_Exercise instructions_:
Lines to return, exactly: from the line with "msp.add_mtext('18', dxfattribs=at)" to the line with "msp.add_mtext('1.00', dxfattribs=at)" in the entries below, both included.

_Records from a data collection_:
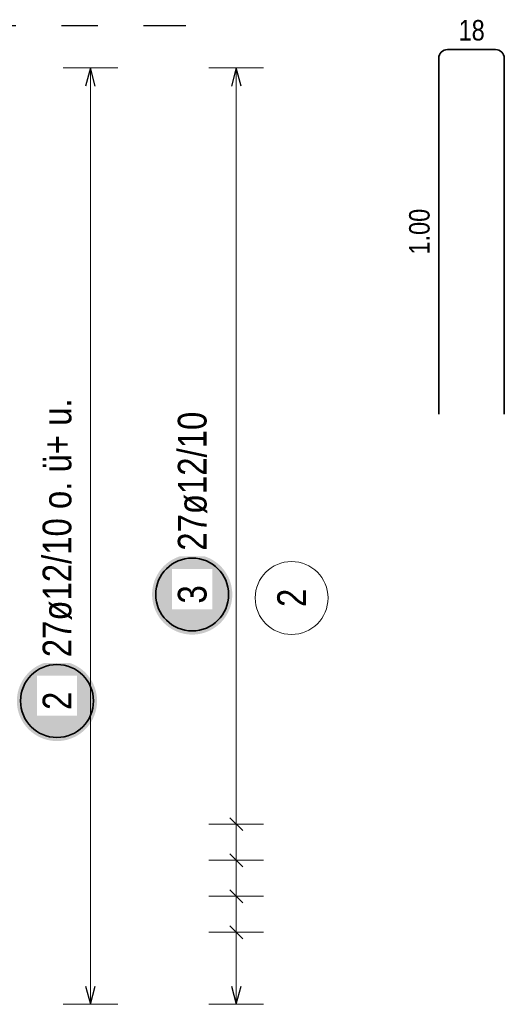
# Model space of a CAD drawing. Header units: millimetres. Extents: x -80 to 34, y 0 to 18.
# Tile 125 of 135: x 9.8 to 11.12, y 10.17 to 12.87. Entities that reach past the tile are written whole.
import ezdxf

# ---------------------------------------------------------------- set-up
doc = ezdxf.new("R2010")
doc.units = ezdxf.units.MM
doc.linetypes.add('DASHDOTX2', pattern=[2, 1, -0.5, 0, -0.5])
doc.layers.add('Achsen', color=7, linetype='Continuous', lineweight=20)
doc.styles.add('Arial Narrow', font='ARIALN.TTF')

msp = doc.modelspace()

# ---------------------------------------------------------------- hatches: boundary and pattern name
at = {"lineweight": 25, "true_color": 0xffffff}
for points in [[(10.378593, 11.292482), (10.378526, 11.296321), (10.378325, 11.300155), (10.377991, 11.30398), (10.377523, 11.307791), (10.376922, 11.311583), (10.376189, 11.315352), (10.375326, 11.319093), (10.374332, 11.322802), (10.373209, 11.326474), (10.371959, 11.330104), (10.370583, 11.333688), (10.369083, 11.337223), (10.36746, 11.340703), (10.365717, 11.344124), (10.363856, 11.347482), (10.361878, 11.350773), (10.359787, 11.353993), (10.357585, 11.357138), (10.355274, 11.360204), (10.352858, 11.363188), (10.350339, 11.366086), (10.347721, 11.368894), (10.345006, 11.371609), (10.342197, 11.374228), (10.3393, 11.376747), (10.336316, 11.379163), (10.33325, 11.381474), (10.330104, 11.383676), (10.326884, 11.385767), (10.323593, 11.387744), (10.320235, 11.389606), (10.316814, 11.391349), (10.313334, 11.392972), (10.3098, 11.394472), (10.306215, 11.395848), (10.302585, 11.397098), (10.298913, 11.39822), (10.295205, 11.399214), (10.291463, 11.400078), (10.287694, 11.400811), (10.283902, 11.401411), (10.280091, 11.401879), (10.276266, 11.402214), (10.272432, 11.402415), (10.268593, 11.402482), (10.264754, 11.402415), (10.26092, 11.402214), (10.257095, 11.401879), (10.253284, 11.401411), (10.249492, 11.400811), (10.245723, 11.400078), (10.241982, 11.399214), (10.238273, 11.39822), (10.234601, 11.397098), (10.230971, 11.395848), (10.227386, 11.394472), (10.223852, 11.392972), (10.220372, 11.391349), (10.216951, 11.389606), (10.213593, 11.387744), (10.210302, 11.385767), (10.207082, 11.383676), (10.203937, 11.381474), (10.20087, 11.379163), (10.197886, 11.376747), (10.194989, 11.374228), (10.192181, 11.371609), (10.189466, 11.368894), (10.186847, 11.366086), (10.184328, 11.363188), (10.181912, 11.360204), (10.179601, 11.357138), (10.177399, 11.353993), (10.175308, 11.350773), (10.17333, 11.347482), (10.171469, 11.344124), (10.169726, 11.340703), (10.168103, 11.337223), (10.166603, 11.333688), (10.165227, 11.330104), (10.163977, 11.326474), (10.162854, 11.322802), (10.161861, 11.319093), (10.160997, 11.315352), (10.160264, 11.311583), (10.159664, 11.307791), (10.159196, 11.30398), (10.158861, 11.300155), (10.15866, 11.296321), (10.158593, 11.292482), (10.15866, 11.288643), (10.158861, 11.284808), (10.159196, 11.280984), (10.159664, 11.277173), (10.160264, 11.27338), (10.160997, 11.269611), (10.161861, 11.26587), (10.162854, 11.262162), (10.163977, 11.25849), (10.165227, 11.254859), (10.166603, 11.251275), (10.168103, 11.247741), (10.169726, 11.244261), (10.171469, 11.24084), (10.17333, 11.237482), (10.175308, 11.234191), (10.177399, 11.23097), (10.179601, 11.227825), (10.181912, 11.224759), (10.184328, 11.221775), (10.186847, 11.218877), (10.189466, 11.216069), (10.192181, 11.213354), (10.194989, 11.210736), (10.197886, 11.208217), (10.20087, 11.205801), (10.203937, 11.20349), (10.207082, 11.201288), (10.210302, 11.199196), (10.213593, 11.197219), (10.216951, 11.195357), (10.220372, 11.193614), (10.223852, 11.191992), (10.227386, 11.190491), (10.230971, 11.189116), (10.234601, 11.187865), (10.238273, 11.186743), (10.241982, 11.185749), (10.245723, 11.184885), (10.249492, 11.184153), (10.253284, 11.183552), (10.257095, 11.183084), (10.26092, 11.18275), (10.264754, 11.182549), (10.268593, 11.182482), (10.272432, 11.182549), (10.276266, 11.18275), (10.280091, 11.183084), (10.283902, 11.183552), (10.287694, 11.184153), (10.291463, 11.184885), (10.295205, 11.185749), (10.298913, 11.186743), (10.302585, 11.187865), (10.306215, 11.189116), (10.3098, 11.190491), (10.313334, 11.191992), (10.316814, 11.193614), (10.320235, 11.195357), (10.323593, 11.197219), (10.326884, 11.199196), (10.330104, 11.201288), (10.33325, 11.20349), (10.336316, 11.205801), (10.3393, 11.208217), (10.342197, 11.210736), (10.345006, 11.213354), (10.347721, 11.216069), (10.350339, 11.218877), (10.352858, 11.221775), (10.355274, 11.224759), (10.357585, 11.227825), (10.359787, 11.23097), (10.361878, 11.234191), (10.363856, 11.237482), (10.365717, 11.24084), (10.36746, 11.244261), (10.369083, 11.247741), (10.370583, 11.251275), (10.371959, 11.254859), (10.373209, 11.25849), (10.374332, 11.262162), (10.375326, 11.26587), (10.376189, 11.269611), (10.376922, 11.27338), (10.377523, 11.277173), (10.377991, 11.280984), (10.378325, 11.284808)], [(10.007576, 11.000533), (10.007509, 11.004372), (10.007308, 11.008206), (10.006973, 11.012031), (10.006505, 11.015842), (10.005905, 11.019634), (10.005172, 11.023403), (10.004308, 11.027144), (10.003315, 11.030853), (10.002192, 11.034525), (10.000942, 11.038155), (9.999566, 11.041739), (9.998066, 11.045274), (9.996443, 11.048753), (9.9947, 11.052175), (9.992839, 11.055533), (9.990861, 11.058824), (9.98877, 11.062044), (9.986568, 11.065189), (9.984257, 11.068255), (9.981841, 11.071239), (9.979322, 11.074137), (9.976703, 11.076945), (9.973988, 11.07966), (9.97118, 11.082279), (9.968282, 11.084798), (9.965299, 11.087214), (9.962232, 11.089525), (9.959087, 11.091727), (9.955867, 11.093818), (9.952576, 11.095795), (9.949218, 11.097657), (9.945797, 11.0994), (9.942317, 11.101023), (9.938783, 11.102523), (9.935198, 11.103899), (9.931568, 11.105149), (9.927896, 11.106271), (9.924187, 11.107265), (9.920446, 11.108129), (9.916677, 11.108862), (9.912885, 11.109462), (9.909074, 11.10993), (9.905249, 11.110265), (9.901415, 11.110466), (9.897576, 11.110533), (9.893737, 11.110466), (9.889903, 11.110265), (9.886078, 11.10993), (9.882267, 11.109462), (9.878475, 11.108862), (9.874706, 11.108129), (9.870964, 11.107265), (9.867256, 11.106271), (9.863584, 11.105149), (9.859954, 11.103899), (9.856369, 11.102523), (9.852835, 11.101023), (9.849355, 11.0994), (9.845934, 11.097657), (9.842576, 11.095795), (9.839285, 11.093818), (9.836065, 11.091727), (9.832919, 11.089525), (9.829853, 11.087214), (9.826869, 11.084798), (9.823971, 11.082279), (9.821163, 11.07966), (9.818448, 11.076945), (9.81583, 11.074137), (9.813311, 11.071239), (9.810895, 11.068255), (9.808584, 11.065189), (9.806382, 11.062044), (9.804291, 11.058824), (9.802313, 11.055533), (9.800452, 11.052175), (9.798709, 11.048753), (9.797086, 11.045274), (9.795586, 11.041739), (9.79421, 11.038155), (9.79296, 11.034525), (9.791837, 11.030853), (9.790843, 11.027144), (9.78998, 11.023403), (9.789247, 11.019634), (9.788646, 11.015842), (9.788178, 11.012031), (9.787844, 11.008206), (9.787643, 11.004372), (9.787576, 11.000533), (9.787643, 10.996694), (9.787844, 10.992859), (9.788178, 10.989035), (9.788646, 10.985224), (9.789247, 10.981431), (9.78998, 10.977662), (9.790843, 10.973921), (9.791837, 10.970213), (9.79296, 10.966541), (9.79421, 10.96291), (9.795586, 10.959326), (9.797086, 10.955792), (9.798709, 10.952312), (9.800452, 10.948891), (9.802313, 10.945533), (9.804291, 10.942242), (9.806382, 10.939021), (9.808584, 10.935876), (9.810895, 10.93281), (9.813311, 10.929826), (9.81583, 10.926928), (9.818448, 10.92412), (9.821163, 10.921405), (9.823971, 10.918787), (9.826869, 10.916268), (9.829853, 10.913851), (9.832919, 10.911541), (9.836065, 10.909339), (9.839285, 10.907247), (9.842576, 10.90527), (9.845934, 10.903408), (9.849355, 10.901665), (9.852835, 10.900043), (9.856369, 10.898542), (9.859954, 10.897166), (9.863584, 10.895916), (9.867256, 10.894794), (9.870964, 10.8938), (9.874706, 10.892936), (9.878475, 10.892204), (9.882267, 10.891603), (9.886078, 10.891135), (9.889903, 10.890801), (9.893737, 10.8906), (9.897576, 10.890533), (9.901415, 10.8906), (9.905249, 10.890801), (9.909074, 10.891135), (9.912885, 10.891603), (9.916677, 10.892204), (9.920446, 10.892936), (9.924187, 10.8938), (9.927896, 10.894794), (9.931568, 10.895916), (9.935198, 10.897166), (9.938783, 10.898542), (9.942317, 10.900043), (9.945797, 10.901665), (9.949218, 10.903408), (9.952576, 10.90527), (9.955867, 10.907247), (9.959087, 10.909339), (9.962232, 10.911541), (9.965299, 10.913851), (9.968282, 10.916268), (9.97118, 10.918787), (9.973988, 10.921405), (9.976703, 10.92412), (9.979322, 10.926928), (9.981841, 10.929826), (9.984257, 10.93281), (9.986568, 10.935876), (9.98877, 10.939021), (9.990861, 10.942242), (9.992839, 10.945533), (9.9947, 10.948891), (9.996443, 10.952312), (9.998066, 10.955792), (9.999566, 10.959326), (10.000942, 10.96291), (10.002192, 10.966541), (10.003315, 10.970213), (10.004308, 10.973921), (10.005172, 10.977662), (10.005905, 10.981431), (10.006505, 10.985224), (10.006973, 10.989035), (10.007308, 10.992859)]]:
    msp.add_hatch(color=7, dxfattribs=at).paths.add_polyline_path(points)

# ---------------------------------------------------------------- linework, layer by layer
at = {"color": 2, "linetype": 'Continuous', "lineweight": 35}
for p, q in [((10.968995, 12.786642), (11.100995, 12.786642)), ((10.944995, 11.786642), (10.944995, 12.762642)), ((11.124995, 12.762642), (11.124995, 11.786642))]:
    msp.add_line(p, q, dxfattribs=at)
at = {"color": 5, "linetype": 'Continuous', "lineweight": 18}
for p, q in [((10.06441, 12.736676), (9.91441, 12.736676)), ((9.98941, 12.736676), (9.98941, 10.168671)), ((10.46441, 12.736676), (10.31441, 12.736676)), ((10.38941, 10.168671), (10.38941, 12.736676)), ((10.31441, 10.662518), (10.46441, 10.662518)), ((10.31441, 10.563748), (10.46441, 10.563748)), ((10.31441, 10.464979), (10.46441, 10.464979)), ((10.31441, 10.366209), (10.46441, 10.366209)), ((9.91441, 10.168671), (10.06441, 10.168671)), ((10.31441, 10.168671), (10.46441, 10.168671))]:
    msp.add_line(p, q, dxfattribs=at)
at = {"color": 3, "linetype": 'Continuous', "lineweight": 25}
for p, q in [((9.98941, 12.736676), (9.976013, 12.686676)), ((10.002807, 12.686676), (9.98941, 12.736676)), ((10.38941, 12.736676), (10.376013, 12.686676)), ((10.402807, 12.686676), (10.38941, 12.736676)), ((10.371732, 10.680195), (10.407088, 10.64484)), ((10.371732, 10.581426), (10.407088, 10.546071)), ((10.371732, 10.482657), (10.407088, 10.447301)), ((10.371732, 10.383887), (10.407088, 10.348532)), ((9.976013, 10.218671), (9.98941, 10.168671)), ((9.98941, 10.168671), (10.002807, 10.218671)), ((10.376013, 10.218671), (10.38941, 10.168671)), ((10.38941, 10.168671), (10.402807, 10.218671))]:
    msp.add_line(p, q, dxfattribs=at)
at = {"color": 2, "linetype": 'Continuous', "lineweight": 35}
for centre in [(10.268593, 11.292482), (9.897576, 11.000533)]:
    msp.add_circle(centre, 0.1, dxfattribs=at)
at = {"color": 9, "linetype": 'Continuous', "lineweight": 0}
msp.add_circle((10.54135, 11.282965), 0.1, dxfattribs=at)
at = {"color": 2, "linetype": 'Continuous', "lineweight": 35}
for centre, start, end in [((10.968995, 12.762642), 90, 180), ((11.100995, 12.762642), 0, 90)]:
    msp.add_arc(centre, 0.024, start, end, dxfattribs=at)
at = {"layer": 'Achsen', "color": 3, "linetype": 'DASHDOTX2', "lineweight": 25, "ltscale": 0.25}
msp.add_line((7.134957, 12.85267), (10.251425, 12.85267), dxfattribs=at)

# ---------------------------------------------------------------- texts
at = {"color": 3, "lineweight": 25, "insert": (10.999557, 12.867892), "char_height": 0.05625, "attachment_point": 1, "line_spacing_factor": 0.9, "style": 'Arial Narrow'}
msp.add_mtext('18', dxfattribs=at)
at = {"color": 3, "lineweight": 25, "insert": (10.863745, 12.224767), "char_height": 0.05625, "attachment_point": 1, "rotation": 90, "line_spacing_factor": 0.9, "style": 'Arial Narrow'}
msp.add_mtext('1.00', dxfattribs=at)
at = {"color": 2, "lineweight": 35, "char_height": 0.07875, "attachment_point": 1, "rotation": 90, "line_spacing_factor": 0.9, "style": 'Arial Narrow', "bg_fill": 3, "box_fill_scale": 1.2, "bg_fill_color": 256, "bg_fill_true_color": 13158600, "bg_fill_transparency": 0}
for s, insert in [('27ø12/10 o. ü+ u.', (9.858201, 11.120533)), ('27ø12/10', (10.229218, 11.412482))]:
    msp.add_mtext(s, dxfattribs=dict(at, insert=insert))
at = {"color": 9, "lineweight": 0, "insert": (10.501975, 11.258159), "char_height": 0.07875, "attachment_point": 1, "rotation": 90, "line_spacing_factor": 0.9, "style": 'Arial Narrow'}
msp.add_mtext('2', dxfattribs=at)

# ---------------------------------------------------------------- next in the draw order: texts
at = {"color": 2, "lineweight": 35, "char_height": 0.07875, "attachment_point": 1, "rotation": 90, "line_spacing_factor": 0.9, "style": 'Arial Narrow', "bg_fill": 3, "box_fill_scale": 1.2, "bg_fill_color": 256, "bg_fill_true_color": 13158600, "bg_fill_transparency": 0}
for s, insert in [('3', (10.229218, 11.267675)), ('2', (9.858201, 10.975726))]:
    msp.add_mtext(s, dxfattribs=dict(at, insert=insert))

doc.saveas('drawing.dxf')

_Reply_:
msp.add_mtext('18', dxfattribs=at)
at = {"color": 3, "lineweight": 25, "insert": (10.863745, 12.224767), "char_height": 0.05625, "attachment_point": 1, "rotation": 90, "line_spacing_factor": 0.9, "style": 'Arial Narrow'}
msp.add_mtext('1.00', dxfattribs=at)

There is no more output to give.